Le Conseil de la Fédération comprend 178 membres, soit 2 représentants du pouvoir législatif et exécutif pour chacune des 89 entités composant la Fédération de Russie (21 républiques, 6 territoires, 49 régions, 1 région autonome, 10 districts autonomes et 2 villes d'importance fédérale). La Russie est divisée en 7 circonscriptions fédérales (Centre, Nord-Ouest, Sud, Bassin de la Volga, Oural, Sibérie et Extrême-Orient), chacune étant dirigée par un représentant plénipotentiaire du Président.

Une seule question : quel avenir pour Vladimir Poutine ?

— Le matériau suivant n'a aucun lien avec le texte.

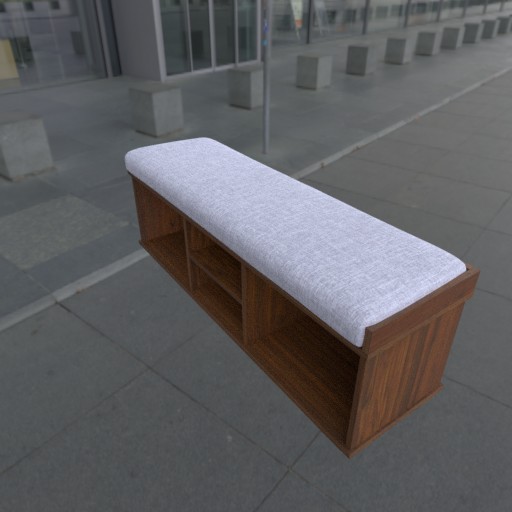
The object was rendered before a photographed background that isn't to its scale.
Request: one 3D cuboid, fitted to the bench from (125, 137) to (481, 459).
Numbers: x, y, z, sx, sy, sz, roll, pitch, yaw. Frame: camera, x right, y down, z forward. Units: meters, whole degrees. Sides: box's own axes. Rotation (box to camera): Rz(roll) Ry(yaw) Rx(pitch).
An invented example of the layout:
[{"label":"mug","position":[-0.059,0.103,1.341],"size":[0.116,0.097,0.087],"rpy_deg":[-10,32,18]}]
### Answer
[{"label":"bench","position":[0.000,0.000,1.407],"size":[0.367,0.468,1.196],"rpy_deg":[-21,37,-30]}]

"Il est parfaitement établi que le Président Vladimir Poutine quittera son poste dans près d'un an et qu'un nouveau Président prendra sa place" affirmait le porte-parole adjoint de la Présidence de la Fédération de Russie, Dmitri Peskov, le 17 avril dernier. Deux mois plus tard, Vladimir Poutine déclarait au Figaro : "J'ai une idée de ce que je ferai mais je ne peux pas en parler. C'est trop tôt. Tout dépendra de la façon dont se déroulera le processus politique vers la fin de cette année et en 2008. Il y a plusieurs options possibles". Le 12 septembre dernier, il créait la surprise en nommant au poste de Premier ministre Viktor Zoubkov, ancien directeur de sovkhoze et, depuis 2001, directeur du service fédéral de surveillance financière chargé de la lutte contre le blanchiment d'argent, en lieu et place de Mikhaïl Fradkov, en poste depuis mars 2004. Beaucoup d'analystes politiques spéculaient sur la nomination de Sergueï Ivanov, ancien ministre de la Défense promu vice-Premier ministre en février 2007, ou de Dmitri Medvedev, également vice-Premier ministre. La nomination de Viktor Zoubkov, inconnu de 85% des Russes, n'est pas sans rappeler celle de Vladimir Poutine par son prédécesseur à la tête de l'Etat, Boris Eltsine, en 1999. Viktor Zoubkov, 66 ans, a été l'adjoint de Vladimir Poutine au comité des relations internationales de la mairie de Saint-Pétersbourg que dirigeait alors le Président. Le 14 septembre, la Douma entérinait sa nomination par 381 voix, contre 47 et 8 abstentions.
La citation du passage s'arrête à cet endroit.